Isn’t it amazing how the mind
absorbs and projects the incidents of life?
I remember a cold winter day in Atlanta, Georgia at my great aunt’s home
(Aunt Ellen) we had just finished a hot breakfast of hot biscuits, jelly,
butter, streak-a-lean bacon and eggs and coffee for the grown ups when my
mother’s father showed up unexpectedly.
That was the first and last time I saw my grandfather. I was in awe of him because he was a tall,
dark, handsome man that spoke in a mild mannered voice that made you want him
to keep talking. I remember thinking wouldn’t it be fun to have my grandfather
around me all of the time, but that wasn’t to be because just like he appeared
he left the same way going back to Chattanooga where he lived. You see my mother and father met fell in love
in Atlanta where I was conceived,
then they moved to Chattanooga
where I was born. When I was a toddler,
they moved back to Atlanta where my
brother was born. He was so pretty,
curly headed light brown skin little boy.
His name was Roy after my
father’s brother whom I adored; I always called my brother “Little Brother” so
the nickname stuck.
Times were really hard, and money
was very scarce. My uncle got a job for
my dad in Chattanooga (my hometown)
and we moved back where we stayed. My
mother found a job doing domestic work.
Back then people rented rooms with the use of the kitchen and
bathroom. My mother was a tall, reddish
brown-skinned, full bosom woman, with beautiful light brown eyes and a head
full of beautiful hair. She was a vision of loveliness, but there was always
sadness about her. She lost her mother at the age of fourteen years old after
which she was thrown from place to place with relatives that weren’t very nice
to her. After she and my father moved
back to Chattanooga she was
disappointed in love because of him being young and “sowing his wild oats” as
the old folks use to say. When my mother
went to work, my dad would come home at lunchtime, sometimes bringing the woman
he went with along and would make us go outside to play (me and my little
brother). Even then, I had sense enough to know this was wrong. The lady where we stayed (I’ll call her Mrs.

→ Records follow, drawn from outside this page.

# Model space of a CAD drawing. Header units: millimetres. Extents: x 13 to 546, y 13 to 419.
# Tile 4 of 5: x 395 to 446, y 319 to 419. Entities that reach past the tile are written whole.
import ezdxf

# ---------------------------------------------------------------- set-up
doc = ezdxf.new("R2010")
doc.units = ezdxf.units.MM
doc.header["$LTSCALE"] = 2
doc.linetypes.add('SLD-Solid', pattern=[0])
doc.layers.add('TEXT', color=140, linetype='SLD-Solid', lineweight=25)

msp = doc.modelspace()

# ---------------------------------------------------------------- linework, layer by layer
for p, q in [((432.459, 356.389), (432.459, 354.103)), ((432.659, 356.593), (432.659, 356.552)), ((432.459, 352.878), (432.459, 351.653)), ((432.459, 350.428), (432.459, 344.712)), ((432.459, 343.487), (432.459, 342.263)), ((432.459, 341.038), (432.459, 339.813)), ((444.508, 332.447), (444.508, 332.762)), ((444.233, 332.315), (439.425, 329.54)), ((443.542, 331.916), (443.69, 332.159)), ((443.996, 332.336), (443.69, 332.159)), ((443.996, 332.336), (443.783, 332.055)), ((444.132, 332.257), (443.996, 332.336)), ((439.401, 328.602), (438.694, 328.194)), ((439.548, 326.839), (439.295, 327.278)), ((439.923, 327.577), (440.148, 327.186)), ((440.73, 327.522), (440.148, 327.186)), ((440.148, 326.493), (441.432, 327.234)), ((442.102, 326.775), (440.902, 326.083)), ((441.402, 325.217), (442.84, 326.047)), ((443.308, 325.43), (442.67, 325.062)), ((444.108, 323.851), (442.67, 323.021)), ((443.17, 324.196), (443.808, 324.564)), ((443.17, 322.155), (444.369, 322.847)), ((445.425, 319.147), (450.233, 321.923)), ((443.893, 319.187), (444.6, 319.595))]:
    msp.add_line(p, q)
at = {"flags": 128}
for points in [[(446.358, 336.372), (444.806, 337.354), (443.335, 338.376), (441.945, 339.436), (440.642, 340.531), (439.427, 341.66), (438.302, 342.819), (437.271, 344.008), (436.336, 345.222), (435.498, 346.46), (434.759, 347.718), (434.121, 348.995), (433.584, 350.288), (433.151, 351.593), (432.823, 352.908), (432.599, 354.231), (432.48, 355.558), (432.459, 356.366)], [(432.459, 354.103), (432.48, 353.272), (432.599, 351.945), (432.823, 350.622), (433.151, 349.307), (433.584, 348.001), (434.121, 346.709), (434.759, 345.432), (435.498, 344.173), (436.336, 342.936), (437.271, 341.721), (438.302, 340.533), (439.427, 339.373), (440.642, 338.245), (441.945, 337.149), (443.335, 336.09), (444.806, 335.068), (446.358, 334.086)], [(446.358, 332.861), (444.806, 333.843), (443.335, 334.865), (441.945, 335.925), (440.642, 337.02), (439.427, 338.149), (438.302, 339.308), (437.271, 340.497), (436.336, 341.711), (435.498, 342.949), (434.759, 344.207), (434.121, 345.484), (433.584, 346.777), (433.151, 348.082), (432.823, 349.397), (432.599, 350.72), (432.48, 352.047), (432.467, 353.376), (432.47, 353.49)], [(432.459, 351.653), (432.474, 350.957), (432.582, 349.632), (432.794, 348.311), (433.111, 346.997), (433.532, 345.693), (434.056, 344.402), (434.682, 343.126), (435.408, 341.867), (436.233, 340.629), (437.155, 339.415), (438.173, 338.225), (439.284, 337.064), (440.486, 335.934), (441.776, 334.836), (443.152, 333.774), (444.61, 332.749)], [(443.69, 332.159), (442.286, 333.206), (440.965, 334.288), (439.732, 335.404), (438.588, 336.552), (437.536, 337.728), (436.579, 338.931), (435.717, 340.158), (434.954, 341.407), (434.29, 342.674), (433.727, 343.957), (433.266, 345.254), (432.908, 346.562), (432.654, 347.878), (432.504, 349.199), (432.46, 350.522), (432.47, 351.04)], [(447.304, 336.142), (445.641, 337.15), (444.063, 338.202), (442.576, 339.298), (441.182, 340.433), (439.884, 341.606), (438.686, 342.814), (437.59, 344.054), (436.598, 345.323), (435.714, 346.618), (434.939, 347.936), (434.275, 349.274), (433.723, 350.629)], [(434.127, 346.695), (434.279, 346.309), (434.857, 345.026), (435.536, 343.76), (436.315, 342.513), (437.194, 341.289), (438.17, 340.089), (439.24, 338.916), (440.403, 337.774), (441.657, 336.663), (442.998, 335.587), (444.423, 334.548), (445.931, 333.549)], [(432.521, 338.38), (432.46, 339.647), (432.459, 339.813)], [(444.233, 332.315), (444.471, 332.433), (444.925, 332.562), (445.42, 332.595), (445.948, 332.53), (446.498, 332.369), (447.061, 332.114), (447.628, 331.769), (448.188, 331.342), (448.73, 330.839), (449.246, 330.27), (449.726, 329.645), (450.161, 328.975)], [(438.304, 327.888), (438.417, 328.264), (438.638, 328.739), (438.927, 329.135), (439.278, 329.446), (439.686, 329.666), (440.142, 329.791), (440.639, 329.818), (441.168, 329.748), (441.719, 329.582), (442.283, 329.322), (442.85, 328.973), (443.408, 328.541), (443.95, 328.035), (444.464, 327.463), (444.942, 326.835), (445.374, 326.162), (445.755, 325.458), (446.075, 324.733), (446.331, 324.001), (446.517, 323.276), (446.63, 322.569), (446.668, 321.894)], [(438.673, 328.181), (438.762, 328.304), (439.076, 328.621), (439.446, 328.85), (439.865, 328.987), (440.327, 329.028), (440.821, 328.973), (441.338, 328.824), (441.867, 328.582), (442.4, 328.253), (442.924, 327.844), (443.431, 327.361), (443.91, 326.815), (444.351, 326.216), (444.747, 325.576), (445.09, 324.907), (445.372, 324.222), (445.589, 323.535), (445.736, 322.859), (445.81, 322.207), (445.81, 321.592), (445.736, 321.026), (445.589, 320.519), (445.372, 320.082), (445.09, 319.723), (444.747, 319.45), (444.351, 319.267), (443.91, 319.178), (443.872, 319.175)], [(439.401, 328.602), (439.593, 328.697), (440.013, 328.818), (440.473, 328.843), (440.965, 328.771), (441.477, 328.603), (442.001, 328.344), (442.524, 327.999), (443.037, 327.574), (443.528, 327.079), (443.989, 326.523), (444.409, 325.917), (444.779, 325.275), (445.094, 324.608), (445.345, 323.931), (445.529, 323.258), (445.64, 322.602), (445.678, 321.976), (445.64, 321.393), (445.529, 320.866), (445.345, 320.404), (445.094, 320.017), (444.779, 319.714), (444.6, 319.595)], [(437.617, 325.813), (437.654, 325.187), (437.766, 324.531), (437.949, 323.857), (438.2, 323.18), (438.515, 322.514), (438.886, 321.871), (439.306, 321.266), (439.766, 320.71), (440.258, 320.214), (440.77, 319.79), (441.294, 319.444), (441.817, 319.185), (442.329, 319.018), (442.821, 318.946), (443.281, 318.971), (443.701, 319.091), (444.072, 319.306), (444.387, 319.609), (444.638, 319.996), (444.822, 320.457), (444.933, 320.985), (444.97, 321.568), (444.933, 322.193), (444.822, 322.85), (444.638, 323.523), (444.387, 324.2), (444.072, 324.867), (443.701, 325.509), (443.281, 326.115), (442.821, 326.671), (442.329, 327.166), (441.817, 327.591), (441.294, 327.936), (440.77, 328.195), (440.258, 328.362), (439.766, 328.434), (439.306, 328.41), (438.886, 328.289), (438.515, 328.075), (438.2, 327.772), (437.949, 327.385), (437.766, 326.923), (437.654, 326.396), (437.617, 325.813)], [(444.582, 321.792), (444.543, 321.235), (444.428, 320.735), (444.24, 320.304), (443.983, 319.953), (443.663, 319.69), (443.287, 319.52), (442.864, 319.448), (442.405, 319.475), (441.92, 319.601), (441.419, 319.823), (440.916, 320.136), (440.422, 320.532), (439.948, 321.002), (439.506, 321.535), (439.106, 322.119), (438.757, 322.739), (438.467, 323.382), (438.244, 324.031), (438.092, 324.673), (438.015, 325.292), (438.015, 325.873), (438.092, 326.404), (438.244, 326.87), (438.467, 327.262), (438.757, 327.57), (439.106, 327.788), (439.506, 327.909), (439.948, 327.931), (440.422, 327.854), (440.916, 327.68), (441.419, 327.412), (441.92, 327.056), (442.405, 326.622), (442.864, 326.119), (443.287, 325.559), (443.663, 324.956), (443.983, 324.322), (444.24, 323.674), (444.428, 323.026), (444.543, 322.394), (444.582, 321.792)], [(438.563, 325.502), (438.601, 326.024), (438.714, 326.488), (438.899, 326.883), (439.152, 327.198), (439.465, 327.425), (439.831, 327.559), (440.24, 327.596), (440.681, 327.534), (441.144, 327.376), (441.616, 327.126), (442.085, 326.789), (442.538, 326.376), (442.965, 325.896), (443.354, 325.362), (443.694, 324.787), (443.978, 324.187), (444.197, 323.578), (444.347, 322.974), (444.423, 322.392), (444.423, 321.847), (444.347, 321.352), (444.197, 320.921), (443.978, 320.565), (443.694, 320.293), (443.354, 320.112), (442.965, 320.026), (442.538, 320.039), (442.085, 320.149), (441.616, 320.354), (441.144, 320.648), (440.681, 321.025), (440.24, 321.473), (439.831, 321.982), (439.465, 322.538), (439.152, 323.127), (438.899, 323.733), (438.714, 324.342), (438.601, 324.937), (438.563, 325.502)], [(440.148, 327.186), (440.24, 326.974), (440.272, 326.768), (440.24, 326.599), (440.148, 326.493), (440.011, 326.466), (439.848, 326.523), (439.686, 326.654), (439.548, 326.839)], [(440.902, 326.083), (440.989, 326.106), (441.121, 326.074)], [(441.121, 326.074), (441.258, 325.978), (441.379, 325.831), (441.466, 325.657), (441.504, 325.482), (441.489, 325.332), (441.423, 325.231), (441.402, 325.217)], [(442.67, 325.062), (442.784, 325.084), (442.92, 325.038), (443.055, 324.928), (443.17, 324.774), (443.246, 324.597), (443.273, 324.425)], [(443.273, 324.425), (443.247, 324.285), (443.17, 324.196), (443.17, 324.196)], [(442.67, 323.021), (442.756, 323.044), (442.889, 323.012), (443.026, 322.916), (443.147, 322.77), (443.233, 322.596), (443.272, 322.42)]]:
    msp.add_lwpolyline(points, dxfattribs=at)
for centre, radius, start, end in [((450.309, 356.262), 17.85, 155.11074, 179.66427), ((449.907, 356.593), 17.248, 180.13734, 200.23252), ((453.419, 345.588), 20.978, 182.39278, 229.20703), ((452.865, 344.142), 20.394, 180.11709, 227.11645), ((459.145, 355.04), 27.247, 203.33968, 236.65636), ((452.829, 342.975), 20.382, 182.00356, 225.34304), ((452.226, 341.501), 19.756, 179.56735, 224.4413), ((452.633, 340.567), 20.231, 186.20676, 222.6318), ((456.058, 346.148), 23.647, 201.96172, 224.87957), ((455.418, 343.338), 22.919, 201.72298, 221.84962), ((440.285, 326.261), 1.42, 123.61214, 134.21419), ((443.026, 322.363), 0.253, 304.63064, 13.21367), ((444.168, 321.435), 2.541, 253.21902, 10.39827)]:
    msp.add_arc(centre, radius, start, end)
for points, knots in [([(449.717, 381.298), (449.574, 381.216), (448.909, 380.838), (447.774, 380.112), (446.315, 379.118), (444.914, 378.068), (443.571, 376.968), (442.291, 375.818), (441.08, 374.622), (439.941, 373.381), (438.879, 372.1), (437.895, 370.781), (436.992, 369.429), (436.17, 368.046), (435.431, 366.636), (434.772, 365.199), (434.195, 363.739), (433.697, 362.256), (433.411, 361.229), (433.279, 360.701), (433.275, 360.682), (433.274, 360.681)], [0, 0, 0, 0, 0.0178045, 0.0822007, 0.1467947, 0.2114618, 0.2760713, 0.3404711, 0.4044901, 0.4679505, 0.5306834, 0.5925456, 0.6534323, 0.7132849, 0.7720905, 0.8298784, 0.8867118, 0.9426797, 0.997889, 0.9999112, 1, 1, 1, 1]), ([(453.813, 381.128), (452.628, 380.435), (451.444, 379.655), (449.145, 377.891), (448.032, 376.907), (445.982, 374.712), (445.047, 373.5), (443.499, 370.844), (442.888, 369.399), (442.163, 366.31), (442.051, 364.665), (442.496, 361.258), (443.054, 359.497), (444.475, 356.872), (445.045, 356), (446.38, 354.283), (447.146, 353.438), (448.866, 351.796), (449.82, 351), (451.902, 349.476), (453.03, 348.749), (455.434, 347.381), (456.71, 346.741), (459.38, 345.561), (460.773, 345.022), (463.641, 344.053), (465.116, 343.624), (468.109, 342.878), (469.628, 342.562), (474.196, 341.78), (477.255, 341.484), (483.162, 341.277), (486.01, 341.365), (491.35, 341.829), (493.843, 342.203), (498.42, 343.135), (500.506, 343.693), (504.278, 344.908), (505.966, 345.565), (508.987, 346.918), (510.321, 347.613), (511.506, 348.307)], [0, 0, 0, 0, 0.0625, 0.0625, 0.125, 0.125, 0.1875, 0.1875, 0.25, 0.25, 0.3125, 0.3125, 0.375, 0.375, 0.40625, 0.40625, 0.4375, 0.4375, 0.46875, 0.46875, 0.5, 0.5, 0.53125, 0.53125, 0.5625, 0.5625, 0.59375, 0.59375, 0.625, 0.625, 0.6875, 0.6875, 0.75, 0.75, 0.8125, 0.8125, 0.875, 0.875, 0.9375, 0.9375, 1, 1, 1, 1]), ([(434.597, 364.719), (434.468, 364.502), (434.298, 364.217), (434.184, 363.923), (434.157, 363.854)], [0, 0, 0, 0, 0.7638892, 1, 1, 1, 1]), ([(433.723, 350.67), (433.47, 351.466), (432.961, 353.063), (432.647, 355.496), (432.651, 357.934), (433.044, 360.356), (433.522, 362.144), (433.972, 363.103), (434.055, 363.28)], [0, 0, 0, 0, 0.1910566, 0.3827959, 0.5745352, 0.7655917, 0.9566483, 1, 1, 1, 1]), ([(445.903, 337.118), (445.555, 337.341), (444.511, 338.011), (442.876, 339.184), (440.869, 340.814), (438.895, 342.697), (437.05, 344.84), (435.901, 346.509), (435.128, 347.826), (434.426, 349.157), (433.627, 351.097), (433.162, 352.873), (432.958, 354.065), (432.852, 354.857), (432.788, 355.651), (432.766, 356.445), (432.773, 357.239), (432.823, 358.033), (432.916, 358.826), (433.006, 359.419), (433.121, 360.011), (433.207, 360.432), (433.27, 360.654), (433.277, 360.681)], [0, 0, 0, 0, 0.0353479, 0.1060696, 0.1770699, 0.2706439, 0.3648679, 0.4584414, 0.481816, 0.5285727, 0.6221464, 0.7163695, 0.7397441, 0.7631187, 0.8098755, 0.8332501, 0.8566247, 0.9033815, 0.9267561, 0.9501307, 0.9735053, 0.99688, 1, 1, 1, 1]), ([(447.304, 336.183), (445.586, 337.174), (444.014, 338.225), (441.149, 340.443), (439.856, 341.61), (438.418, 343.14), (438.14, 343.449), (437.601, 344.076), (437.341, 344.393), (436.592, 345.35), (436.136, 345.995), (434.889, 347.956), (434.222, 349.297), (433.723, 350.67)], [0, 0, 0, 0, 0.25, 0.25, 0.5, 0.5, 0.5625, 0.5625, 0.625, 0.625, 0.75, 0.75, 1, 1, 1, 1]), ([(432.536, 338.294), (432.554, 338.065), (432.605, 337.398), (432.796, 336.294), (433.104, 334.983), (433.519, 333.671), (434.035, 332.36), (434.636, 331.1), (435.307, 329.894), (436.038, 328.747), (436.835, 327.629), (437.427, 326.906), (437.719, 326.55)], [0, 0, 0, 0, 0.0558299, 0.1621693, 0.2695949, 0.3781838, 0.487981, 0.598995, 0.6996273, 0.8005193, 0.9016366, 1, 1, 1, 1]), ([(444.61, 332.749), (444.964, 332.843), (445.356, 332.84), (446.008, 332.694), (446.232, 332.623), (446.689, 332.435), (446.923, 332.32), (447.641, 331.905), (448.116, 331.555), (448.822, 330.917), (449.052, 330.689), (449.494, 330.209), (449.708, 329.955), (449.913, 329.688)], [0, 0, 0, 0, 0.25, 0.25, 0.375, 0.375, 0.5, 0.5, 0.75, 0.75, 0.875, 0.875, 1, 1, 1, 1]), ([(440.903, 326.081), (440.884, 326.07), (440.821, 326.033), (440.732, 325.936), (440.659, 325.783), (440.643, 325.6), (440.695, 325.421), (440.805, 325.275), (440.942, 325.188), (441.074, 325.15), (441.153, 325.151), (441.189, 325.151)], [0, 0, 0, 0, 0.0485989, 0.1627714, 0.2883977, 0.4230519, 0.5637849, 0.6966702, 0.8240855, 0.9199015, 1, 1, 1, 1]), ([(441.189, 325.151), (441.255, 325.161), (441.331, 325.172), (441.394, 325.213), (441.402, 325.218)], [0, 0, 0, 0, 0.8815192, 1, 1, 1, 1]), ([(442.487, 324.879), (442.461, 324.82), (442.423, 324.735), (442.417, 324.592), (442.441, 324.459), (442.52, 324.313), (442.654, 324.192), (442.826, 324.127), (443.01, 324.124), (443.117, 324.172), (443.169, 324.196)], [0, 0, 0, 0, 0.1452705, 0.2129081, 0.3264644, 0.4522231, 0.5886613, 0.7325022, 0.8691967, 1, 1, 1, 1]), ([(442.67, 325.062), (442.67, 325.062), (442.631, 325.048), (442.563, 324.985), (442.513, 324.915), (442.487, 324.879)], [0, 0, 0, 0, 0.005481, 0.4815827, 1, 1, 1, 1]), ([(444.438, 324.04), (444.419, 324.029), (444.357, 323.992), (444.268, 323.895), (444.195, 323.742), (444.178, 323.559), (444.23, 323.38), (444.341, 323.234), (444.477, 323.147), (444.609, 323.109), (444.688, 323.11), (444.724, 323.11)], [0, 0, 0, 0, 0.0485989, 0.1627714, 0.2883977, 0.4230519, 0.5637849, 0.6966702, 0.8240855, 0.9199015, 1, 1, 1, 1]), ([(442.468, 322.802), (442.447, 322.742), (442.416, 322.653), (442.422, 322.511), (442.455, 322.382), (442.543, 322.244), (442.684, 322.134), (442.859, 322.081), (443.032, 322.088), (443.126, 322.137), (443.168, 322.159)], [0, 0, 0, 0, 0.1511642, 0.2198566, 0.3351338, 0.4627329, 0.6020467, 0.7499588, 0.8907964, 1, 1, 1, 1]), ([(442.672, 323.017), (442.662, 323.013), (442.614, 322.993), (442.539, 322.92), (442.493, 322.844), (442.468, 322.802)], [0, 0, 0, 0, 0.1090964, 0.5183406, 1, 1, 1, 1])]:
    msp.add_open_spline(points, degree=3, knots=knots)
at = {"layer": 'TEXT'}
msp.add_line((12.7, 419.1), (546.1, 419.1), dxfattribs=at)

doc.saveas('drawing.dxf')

Ann) would sneak and tell my mother what had gone on while she was at work. It would hurt her deeply, but she never said
anything, until one day she just got fed up and called her step-brother (Uncle
James). He told her to get a cab and come out to stay with the rest of the
family until she could get on her feet and he would help her all he could.
Two or three nights before we
left my dad, I had ten pennies laying on the dresser that had been given to me
and I was excited about what I was going to buy with them (back then you could
buy quite a bit of treats with ten pennies).
I went to bed happy and woke up to see my pennies gone. I knew right away, what had happened to my
little treasure. My temper flared; my
mother took me by the hand and said don’t say anything about the pennies being
gone because your daddy will whip you. I had to keep my mouth closed even
though I was upset, but even back then I vowed “I Won’t Be Denied”. When I get
grown I’m going to let him know how I feel. For some reason, the time as yet
has not presented itself.
Well, Mrs. Ann came back with more news and my
mother began to get very tired of this carrying on behind her back. She began
to take on extra work of washing and ironing to save money so we would have
enough to carry us over after moving. In
the meantime, Mrs. Ann’s brother-in-law and his wife stayed upstairs. He was tall, thin, and good-looking with nice
hair. His wife, who I’ll call (Aunt Doe), was mixed and simply beautiful; her
father was white and mother black. All of the kids in the neighborhood dearly
loved her because she was a caring, sharing individual, but (Uncle Lee) was sneaky,
dirty-minded person that would give us candy not to tell that he was feeling on
the private parts of the little girls eleven and up that came over to play with
Mrs. Ann’s nieces. One day we went upstairs and asked Uncle Lee for some candy.
He told us we couldn’t come in because Aunt Doe was gone to work. He hurried
and gave us the candy and told us to go back out to play. Just as we started down the steps, a familiar
voice said, “Are they gone Uncle Lee”? He answered, “Yeah, they gone”, but we
weren’t; we stayed quiet because we knew she would have to come out to go home,
and when she did we would see her. Sure enough, out she came and when she saw
us sitting on the steps, she got mad and yelled at us. We yelled back at her saying, “We going to
tell your mama, we going to tell your mama”. Of course, she didn’t want that so
she buttered us up with more candy and by the time Mrs. Ann came out of the
kitchen where she was cooking dinner to see what all of the noise was about,
the girl had bribed us with candy and sweet words.